▶ [What you will do]: Scan the following material for the string "height" and copy each line in which it appears.

▶ [Data supplied]:
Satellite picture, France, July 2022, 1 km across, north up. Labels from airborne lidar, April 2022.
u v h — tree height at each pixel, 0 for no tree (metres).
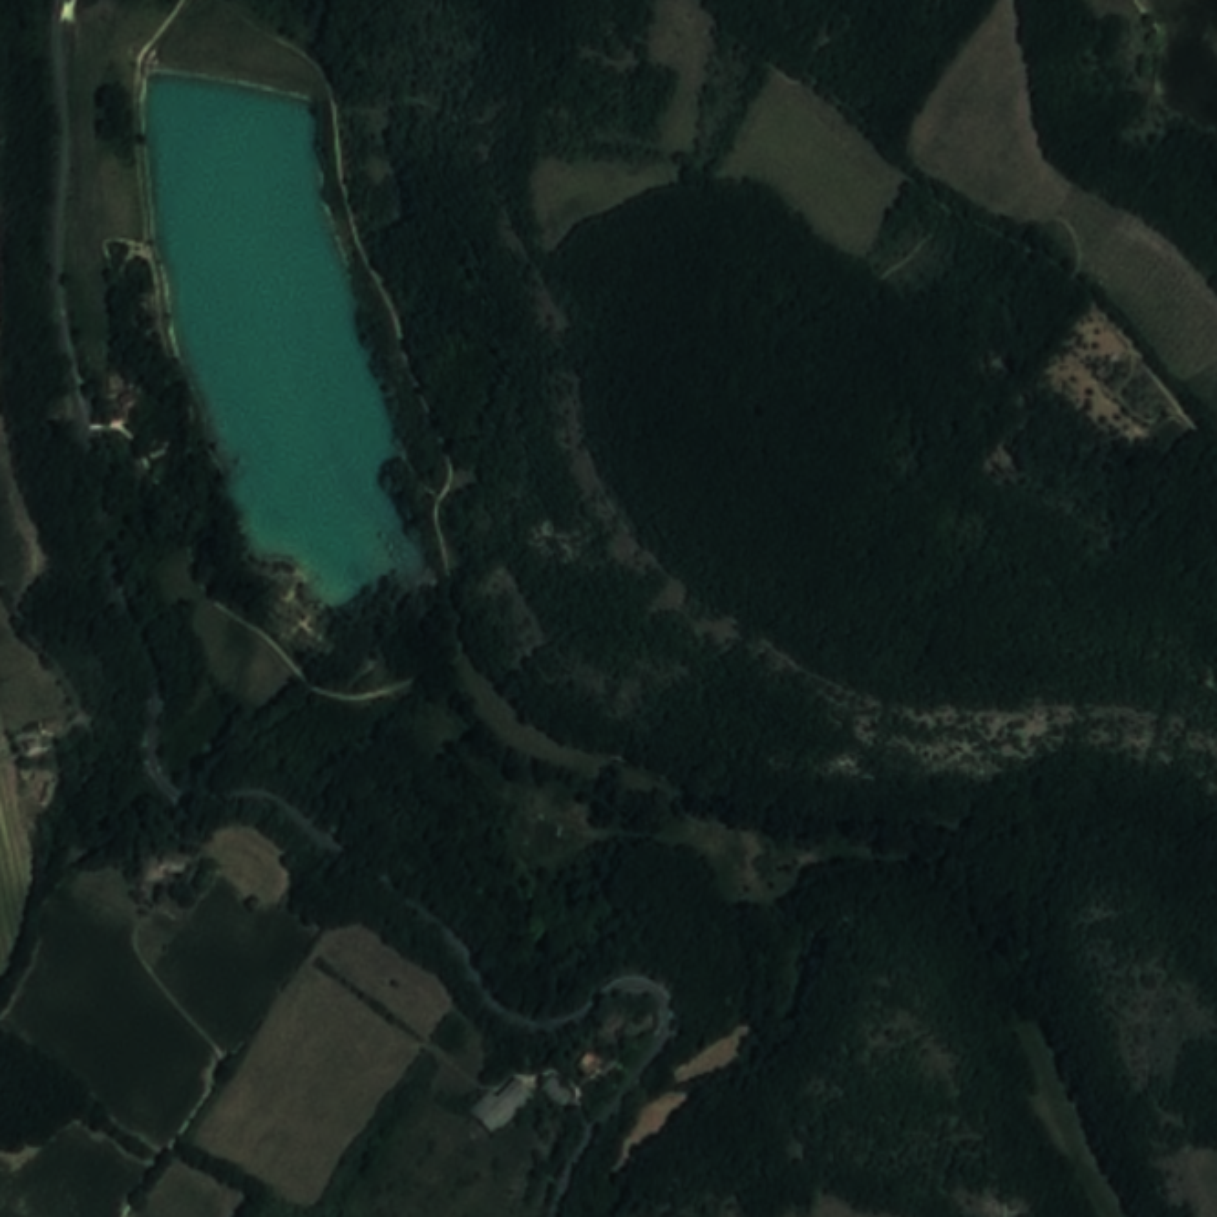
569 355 8
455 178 10
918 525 14
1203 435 11
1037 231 16
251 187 0
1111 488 17
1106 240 0
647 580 6
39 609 9
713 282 17
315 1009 0
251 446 0
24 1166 0
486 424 12
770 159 0
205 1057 0
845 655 10
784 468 16
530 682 12
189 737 0
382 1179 0
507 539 7
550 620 7
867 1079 6
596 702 7
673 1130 12
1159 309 0
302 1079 0
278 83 0
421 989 0
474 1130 0
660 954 17
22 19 21
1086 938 6
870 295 15
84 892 0
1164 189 12
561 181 0
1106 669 11
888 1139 9
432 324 13
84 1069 0
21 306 13
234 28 0
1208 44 0
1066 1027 17
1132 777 16
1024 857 20
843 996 10
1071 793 19
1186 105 0
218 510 6
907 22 12
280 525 0
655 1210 9
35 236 17
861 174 0
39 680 0
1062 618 11
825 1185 6
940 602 12
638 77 9
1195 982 8
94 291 0
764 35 12
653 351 15
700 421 19
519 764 18
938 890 16
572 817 0
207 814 18
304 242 0
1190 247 10
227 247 0
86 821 19
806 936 5
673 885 19
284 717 12
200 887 14
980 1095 11
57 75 0
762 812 15
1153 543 19
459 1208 0
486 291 20
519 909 20
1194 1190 0
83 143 0
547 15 6
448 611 6
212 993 0
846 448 13
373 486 0
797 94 0
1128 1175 13
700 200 14
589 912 16
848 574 14
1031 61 10
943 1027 7
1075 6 16
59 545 13
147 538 10
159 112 0
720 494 15
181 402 17
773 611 11
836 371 16
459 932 18
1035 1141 19
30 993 0
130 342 12
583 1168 9
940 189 10
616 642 10
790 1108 9
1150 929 10
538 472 7
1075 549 16
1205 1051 9
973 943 20
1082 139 14
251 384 0
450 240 23
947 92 0
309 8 7
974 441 20
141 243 0
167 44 0
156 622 14
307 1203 0
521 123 8
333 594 0
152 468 6
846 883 19
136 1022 0
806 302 11
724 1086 15
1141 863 18
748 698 17
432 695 11
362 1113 0
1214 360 0
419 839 22
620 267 12
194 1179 0
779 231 13
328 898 19
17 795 0
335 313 0
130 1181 0
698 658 11
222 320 0
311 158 0
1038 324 15
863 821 21
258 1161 0
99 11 0
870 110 8
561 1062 12
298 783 19
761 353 14
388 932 10
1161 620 12
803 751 9
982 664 12
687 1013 11
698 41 0
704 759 7
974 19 13
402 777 23
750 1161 14
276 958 0
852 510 16
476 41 8
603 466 8
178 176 0
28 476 10
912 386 19
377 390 0
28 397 13
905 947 10
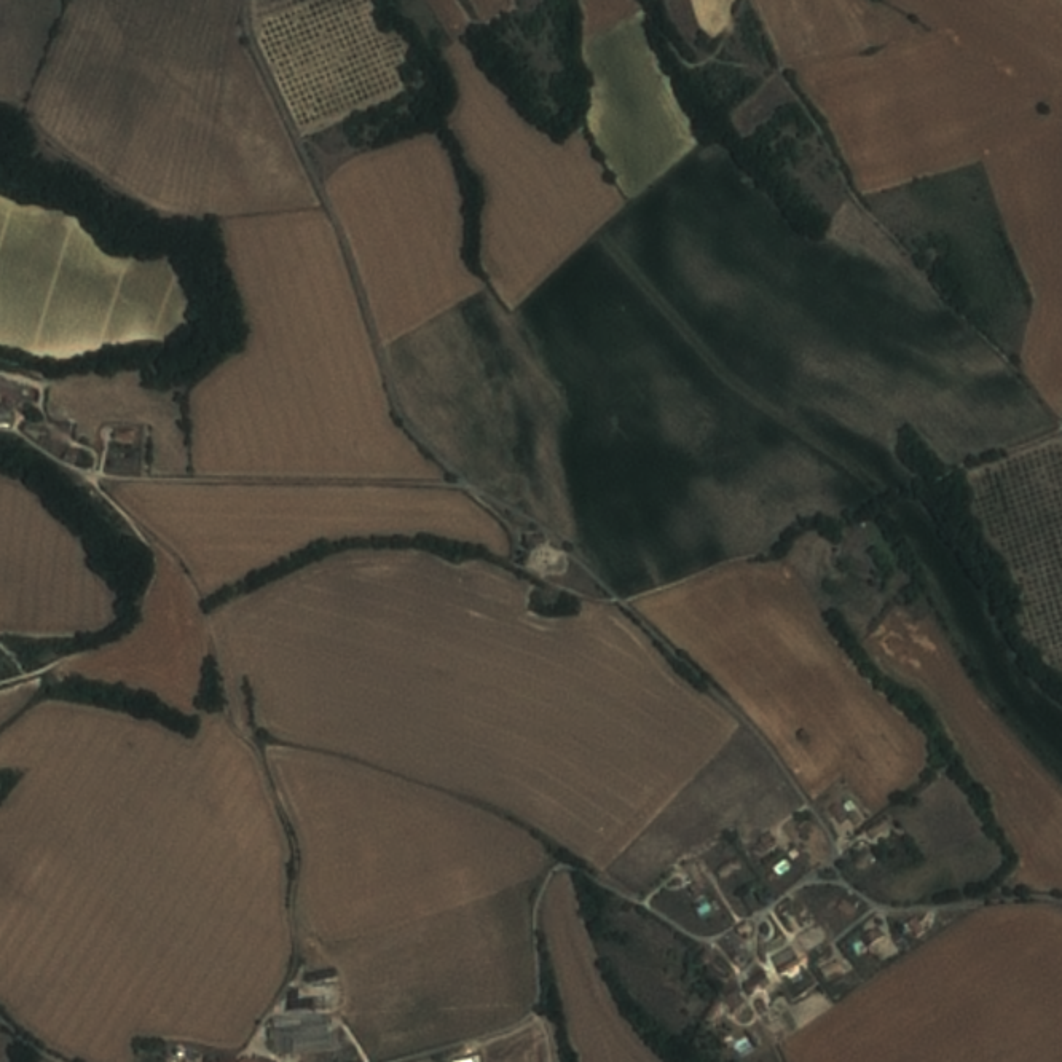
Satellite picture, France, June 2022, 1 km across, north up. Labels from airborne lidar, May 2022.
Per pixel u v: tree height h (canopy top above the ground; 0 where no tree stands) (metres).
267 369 0
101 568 19
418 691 0
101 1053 0
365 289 0
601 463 0
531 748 0
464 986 0
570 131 12
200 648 0
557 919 0
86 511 11
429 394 0
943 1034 0
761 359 0
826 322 0
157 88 0
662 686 0
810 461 0
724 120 14
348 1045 0
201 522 0
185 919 0
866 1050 0
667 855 0
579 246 0
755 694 0
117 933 0
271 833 0
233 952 0
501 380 0
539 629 0
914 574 15
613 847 0
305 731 0
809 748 0
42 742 0
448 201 0
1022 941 0
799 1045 0
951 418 0
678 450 0
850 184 7
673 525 0
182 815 0
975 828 0
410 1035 0
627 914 8
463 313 0
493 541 0
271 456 0
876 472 0
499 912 0
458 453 0
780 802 0
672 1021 0
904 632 0
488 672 0
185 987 0
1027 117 0
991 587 18
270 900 0
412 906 0
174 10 0
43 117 0
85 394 0
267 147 0
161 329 0
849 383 0
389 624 0
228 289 11
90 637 9
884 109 0
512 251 0
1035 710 0
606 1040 0
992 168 0
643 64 0
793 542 15
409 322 0
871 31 0
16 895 0
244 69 0
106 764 0
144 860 0
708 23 0
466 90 0
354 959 0
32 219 0
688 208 0
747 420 0
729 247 0
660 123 0
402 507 0
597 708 0
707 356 0
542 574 0
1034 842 0
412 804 0
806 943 0
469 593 0
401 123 8
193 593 0
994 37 0
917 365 0
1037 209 0
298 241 0
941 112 0
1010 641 14
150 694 7
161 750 0
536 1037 0
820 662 0
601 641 0
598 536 0
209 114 0
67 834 0
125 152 0
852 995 0
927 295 0
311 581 0
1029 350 0
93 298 0
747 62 0
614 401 0
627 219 0
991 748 0
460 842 0
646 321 0
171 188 0
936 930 0
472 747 0
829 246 0
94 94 0
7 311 0
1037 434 0
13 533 0
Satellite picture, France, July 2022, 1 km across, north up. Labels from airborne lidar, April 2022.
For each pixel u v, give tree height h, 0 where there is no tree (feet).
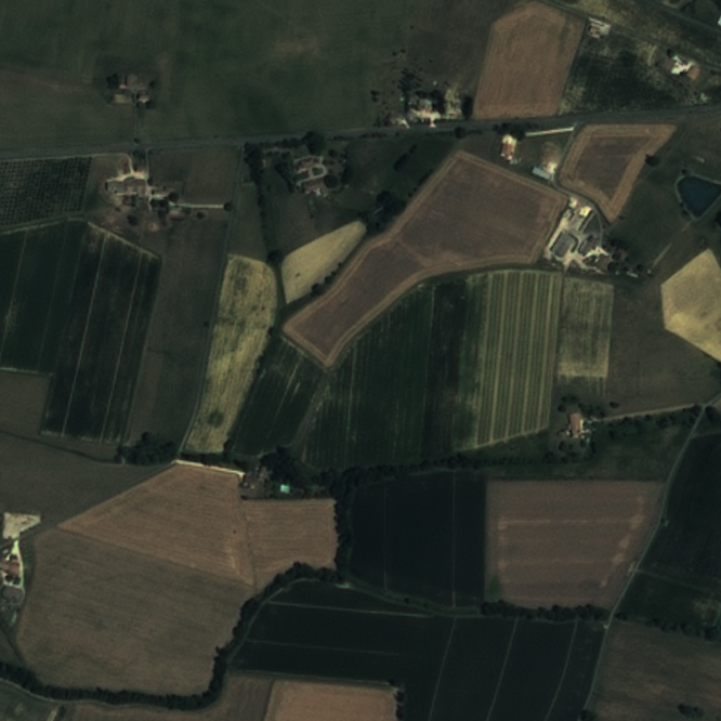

▶ [Solution for this problem]:
u v h — tree height at each pixel, 0 for no tree (metres).
Per pixel u v: tree height h (canopy top above the ground; 0 where no tree stands) (metres).
For each pixel u v, give tree height h, 0 where there is no tree (feet).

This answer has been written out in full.